▸ WORK INSTRUCTIONS:
If "functions" shows up in a line of the material, return that line.

▸ SUPPLIED RECORDS:
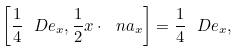Convert formula to latex. <formula><loc_0><loc_0><loc_500><loc_500>\left [ \frac { 1 } { 4 } \ D e _ { x } , \frac { 1 } { 2 } x \cdot \ n a _ { x } \right ] = \frac { 1 } { 4 } \ D e _ { x } ,</formula> 
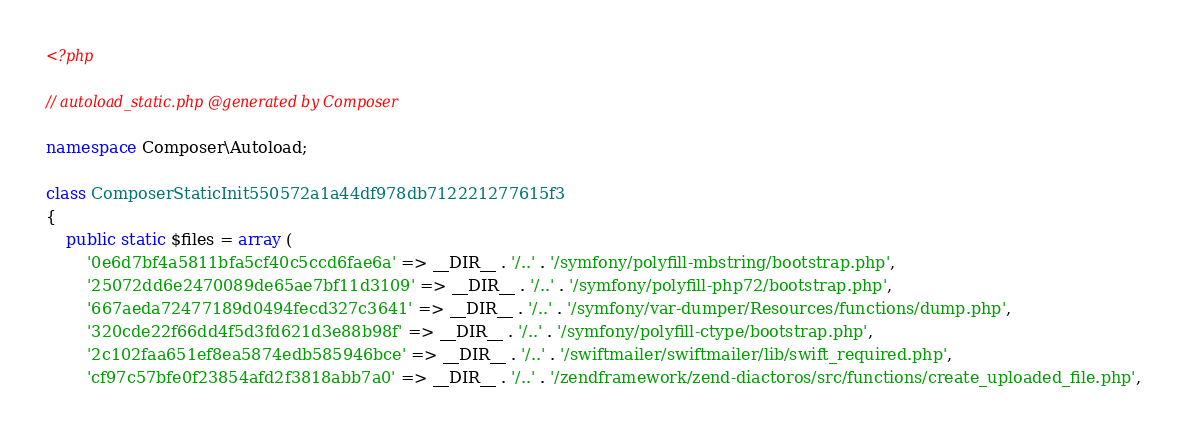Convert code to text. <code><loc_0><loc_0><loc_500><loc_500><_PHP_><?php

// autoload_static.php @generated by Composer

namespace Composer\Autoload;

class ComposerStaticInit550572a1a44df978db712221277615f3
{
    public static $files = array (
        '0e6d7bf4a5811bfa5cf40c5ccd6fae6a' => __DIR__ . '/..' . '/symfony/polyfill-mbstring/bootstrap.php',
        '25072dd6e2470089de65ae7bf11d3109' => __DIR__ . '/..' . '/symfony/polyfill-php72/bootstrap.php',
        '667aeda72477189d0494fecd327c3641' => __DIR__ . '/..' . '/symfony/var-dumper/Resources/functions/dump.php',
        '320cde22f66dd4f5d3fd621d3e88b98f' => __DIR__ . '/..' . '/symfony/polyfill-ctype/bootstrap.php',
        '2c102faa651ef8ea5874edb585946bce' => __DIR__ . '/..' . '/swiftmailer/swiftmailer/lib/swift_required.php',
        'cf97c57bfe0f23854afd2f3818abb7a0' => __DIR__ . '/..' . '/zendframework/zend-diactoros/src/functions/create_uploaded_file.php',</code>

▸ FINISHED EXERCISE:
        '667aeda72477189d0494fecd327c3641' => __DIR__ . '/..' . '/symfony/var-dumper/Resources/functions/dump.php',
        'cf97c57bfe0f23854afd2f3818abb7a0' => __DIR__ . '/..' . '/zendframework/zend-diactoros/src/functions/create_uploaded_file.php',</code>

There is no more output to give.